Does that look right?

And I assume this should actually be done as pre-init script?

EDIT: reading the docs,

https://docs.kernel.org/next/admin-guide/mm/multigen_lru.html

It appears that “echo 0” (zero) would be more correct

1 Like

I rebuilt a VM this morning, with fresh install of 24.04, restored my config, moved the HBA over with my datasets, and did this.

echo n >/sys/kernel/mm/lru_gen/enabled

All up and running fine at present. Before it would fail in a matter of hours, so should be able to tell pretty quickly. Turning off swap it worked fine the last few days, so interested to see how this goes. Will report back.

Thanks
CC

4 Likes

Its survived 6 hours - current performance is great. GUI is responsive during large transfers, which it was not before, and htop not showing any swap being used.

So far so good

CC

5 Likes

Has anyone else noticed since trying these fixes Dragonfish still won’t use up to the ARC max? When I downgrade to Cobia it quite happily uses the whole 32GB (50%) and sticks to it, but when I either disable swap in Dragonfish or disable lru_gen it starts high and then becomes very reluctant to use ARC at all.
image

This is on a machine with 64GB of RAM

Another example

The sections with the flat line are when the system is running Cobia, the sections with ARC all over the place are Dragonfish.

2 Likes

Have applied this to my SCALE system just now after a fresh reboot. Will see how it goes. In case it’s of any relevance, I was in the process of posting back to the other thread after seeing the latest developments in this one and removing the previous ZFS RAM usage limit I’d put in place but disabling swap seemingly resolved the issue entirely for my system; it has been stable for roughly 5 days now without issue.

I’ve since re-enabled swap, double-checked there’s no ZFS RAM usage limits in place anymore, and will see how the system goes with this latest fix over the coming days.

I’m hoping that from a retroactive or process improvement standpoint, especially for major SCALE releases that see things like large Linux kernel version jumps, this issue results in more thorough testing/QA or more investigation being done prior to future releases from iX. I won’t dwell on it since it looks like a fix is incoming, but would like to reiterate that these issues were reported by people in multiple Jira tickets in the days (and in one case, weeks) prior to DF’s release.

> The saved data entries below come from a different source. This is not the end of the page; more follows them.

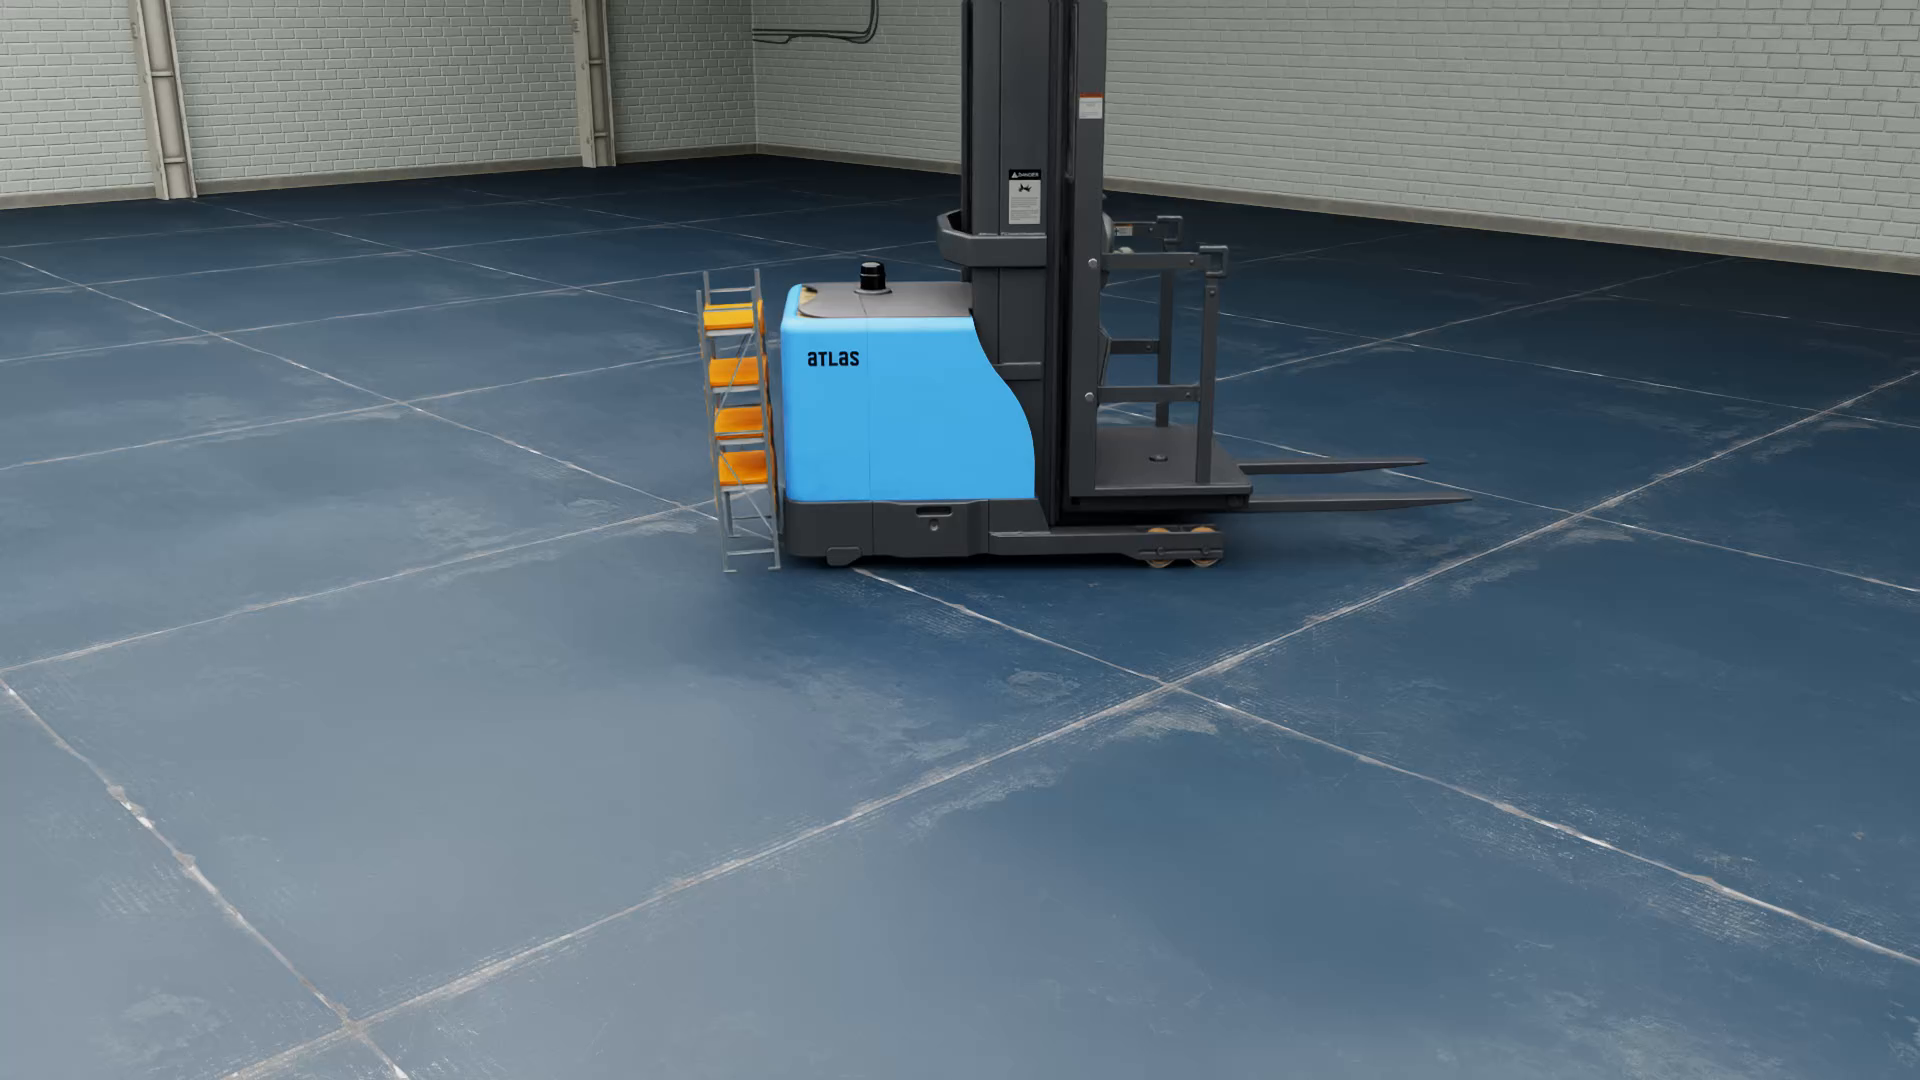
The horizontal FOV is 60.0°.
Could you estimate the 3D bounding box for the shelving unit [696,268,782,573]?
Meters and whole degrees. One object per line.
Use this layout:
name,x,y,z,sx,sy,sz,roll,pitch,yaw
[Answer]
shelving unit,-0.934,-0.516,7.110,0.258,1.200,0.503,-4,18,-4

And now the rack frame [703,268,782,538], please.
rack frame,-0.955,-0.591,7.341,0.240,1.200,0.015,-4,18,-4

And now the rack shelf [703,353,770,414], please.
rack shelf,-0.941,-0.664,7.061,0.258,0.148,0.480,-4,18,-4

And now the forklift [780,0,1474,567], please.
forklift,0.736,-1.441,7.176,3.031,2.935,1.130,-1,18,-3

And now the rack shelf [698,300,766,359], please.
rack shelf,-0.953,-0.889,6.987,0.258,0.148,0.480,-4,18,-4

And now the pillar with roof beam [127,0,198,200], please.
pillar with roof beam,-6.706,-7.541,16.154,0.400,9.000,9.100,-16,24,-41

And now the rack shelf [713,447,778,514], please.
rack shelf,-0.921,-0.264,7.192,0.258,0.148,0.480,-4,18,-4

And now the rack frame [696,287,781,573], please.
rack frame,-0.912,-0.441,6.878,0.240,1.200,0.015,-4,18,-4

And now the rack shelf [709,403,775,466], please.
rack shelf,-0.930,-0.452,7.131,0.258,0.148,0.480,-4,18,-4

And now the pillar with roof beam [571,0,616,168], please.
pillar with roof beam,-2.346,-8.813,20.075,0.400,9.000,9.100,-16,24,-41

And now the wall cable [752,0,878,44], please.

Some of these tickets were, IMO, ignorantly, closed as being a TrueCharts issue when it wasn’t the case. DF’s release should’ve been pushed back by 1-2 weeks while investigations occurred. This, coupled with ARC GPU drivers ultimately not being included in the release (a large factor in people’s desire to upgrade or migrate to DF) has marred what could’ve been the best SCALE release to date.

Here’s hoping ElectricEel is an electrifying one.

7 Likes

Very well said, @bitpushr. :clap:

Got any links to those jira tickets where this was reported before we publicly released 24.04.0?

After more thinking we’ve included both into 24.04.1 release. Should be in the next Dragonfish nightly build.

4 Likes

Hindsight is always 20/20. This isn’t criticism of anyone, nor iXsystems in general.

I think the lesson is that there’s probably good reason to investigate further when performance issues arise when upgrading from one version to the next, especially when it’s a major kernel version upgrade.

It’s hard for iX staff to reproduce, since a handful of people cannot emulate the different workloads or “eyes” of the community users.

Just as an example, what might alert someone to a problem is they notice their drives are “noisier” than they remember, or their CPU is more “active” than normal. This can be brushed aside by someone else as “Oh, that’s normal. You only noticed it recently.”



Looking back at these now, it’s likely they were interrelated to the RAM/Swap/ARC/LRU issue that was introduced with the newer Linux kernel.

No one’s a psychic.

It’s just that when someone is “familiar” with the behavior of their own system, it might be a canary in a coalmine for someone with more expertise to investigate further. Especially if there’s a common denominator (such as Dragonfish RC1), and it’s more than just one person reporting it, across different types of systems.

2 Likes

Twenty minutes to import your pools? Must be TrueCharts. At least they didn’t close my ticket on that.